Chemorepellents, including BMPs and Draxin, are released by the roof plate and initially “push” commissural axons ventrally into an increasing Netrin-1 gradient. The floor plate also secretes the morphogen sonic hedgehog (Shh). Like Netrin-1, Shh is a chemoattractant for HCS assay precrossing commissural
axons. Once at the floor plate, commissural axons lose their interest in Netrin-1 and Shh and acquire responsiveness to floor-plate-derived repellents, including slits and semaphorins, allowing them to exit the floor plate and move on to the second leg of their journey (Dickson and Zou, 2010). Remarkably, precrossing spinal commissural neurons exposed to a Netrin-1-deficient floor plate in the presence of Shh signaling inhibitors show residual attraction, indicating the existence of additional, unidentified floor plate attractant(s) ( Charron et al., 2003). In the developing visual system, retinal ganglion cell (RGC) axons arriving at the chiasm face the same challenge as precrossing axons in the ventral spinal cord: to cross or not to cross the midline. As they approach the optic chiasm, RGCs segregate into ipsilaterally and contralaterally projecting fibers (Figure 1B). Proper crossing, or decussation, at the chiasm is essential for organisms with prominent binocular vision.

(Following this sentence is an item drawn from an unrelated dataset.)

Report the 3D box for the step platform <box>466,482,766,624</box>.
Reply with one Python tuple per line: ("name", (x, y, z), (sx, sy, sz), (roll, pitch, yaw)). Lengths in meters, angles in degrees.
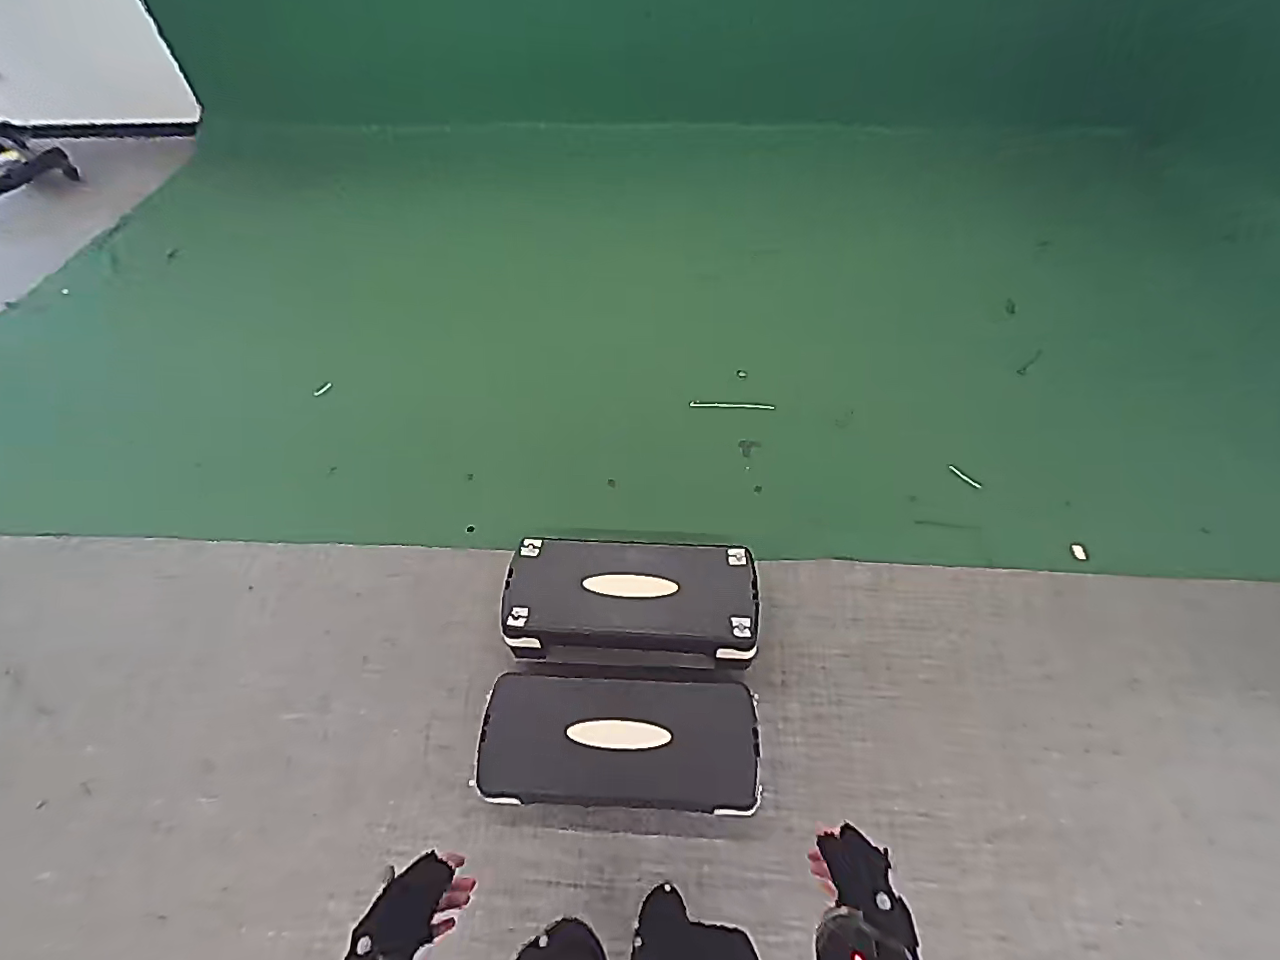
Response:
("step platform", (-0.052, 0.181, 1.323), (0.684, 0.204, 0.286), (1, 54, 4))

The mouse has laterally positioned eyes and limited binocular vision.
A large population of RGC axons cross the midline, and a relatively small population does not cross and project ipsilaterally.

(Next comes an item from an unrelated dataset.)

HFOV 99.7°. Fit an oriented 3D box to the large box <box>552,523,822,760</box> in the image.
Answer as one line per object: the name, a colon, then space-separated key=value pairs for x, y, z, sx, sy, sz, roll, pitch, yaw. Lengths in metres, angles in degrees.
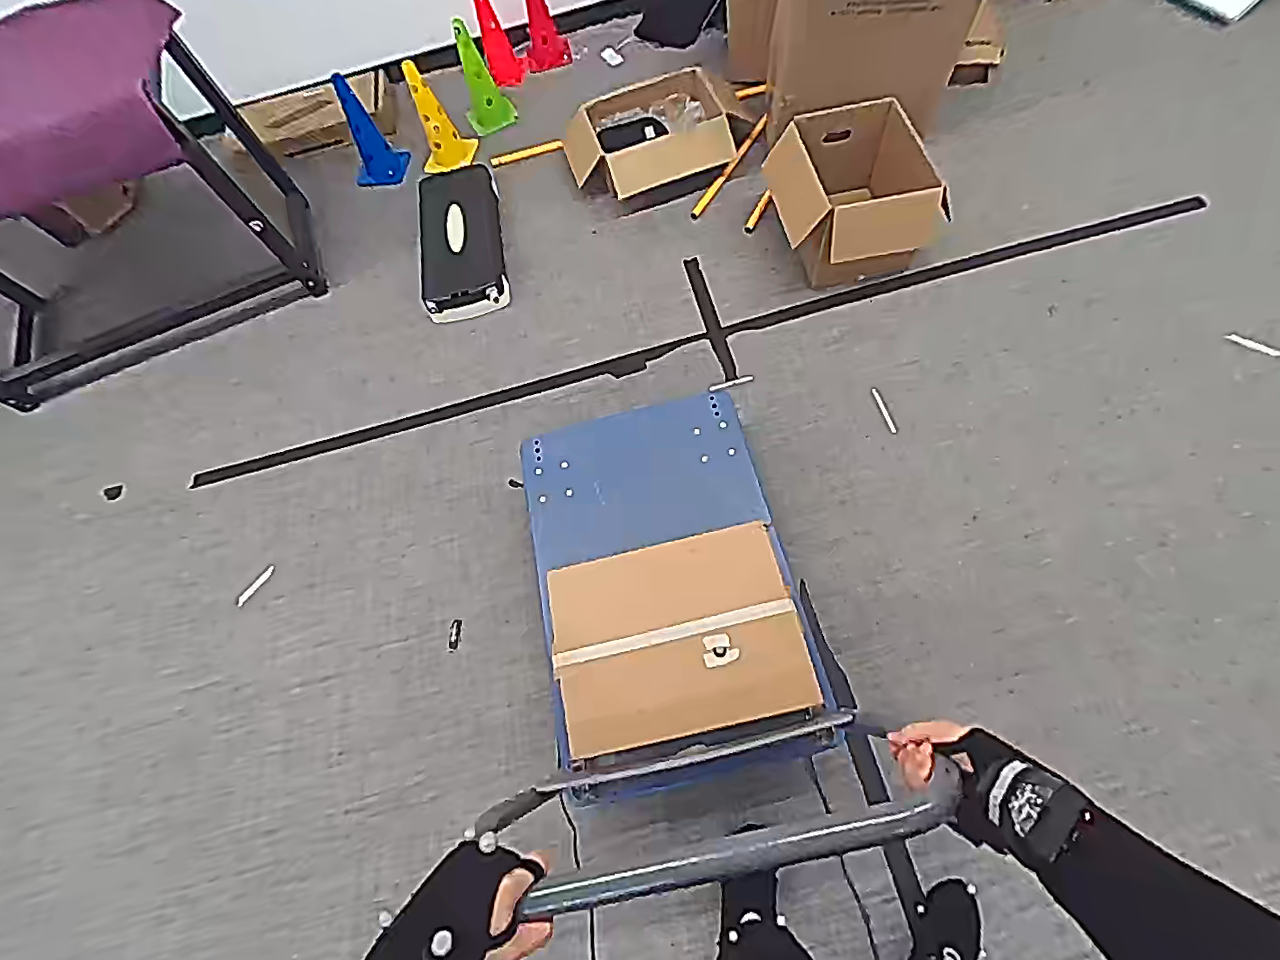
large box: x=0.080 y=0.322 z=1.045 sx=0.408 sy=0.320 sz=0.320 roll=-14 pitch=65 yaw=1

Seemingly quite different molecular strategies have evolved for proper growth cone navigation at the optic chiasm and spinal cord midline PD0332991 purchase Afatinib in vivo structures. Molecular gatekeepers such as Netrin-1 and Slits are either absent from the optic chiasm or do not directly participate in midline crossing of RGCs. Growth inhibitory cues, on the other hand, are abundant (Erskine and Herrera, 2007). These include the midline repellent EphrinB2, an established guidance cue at the mouse optic chiasm. EphB1 is expressed by ipsilaterally projecting RGCs and EphrinB2 is necessary for the proper formation of these projections. More recent evidence suggests that Shh repels ipsilateral RGC axons at the optic chiasm via its receptor Boc (Fabre et al., 2010). Semaphorin5A and Slits are molecules that define the boundary of the optic pathway but do not directly participate in midline crossing (Erskine and Herrera, 2007). Much less is known about the molecular mechanisms that promote midline crossing at the chiasm. In zebrafish, the secreted semaphorin Sema3D is expressed at the midline and is thought to provide inhibitory signals at the chiasm midline to help channel RGC axons to the contralateral optic tract (Sakai and Halloran, 2006). The cell adhesion molecule NrCAM is expressed at the mouse chiasm and also in a small subset of late born RGCs, and it promotes their midline crossing in vivo (Williams et al., 2006).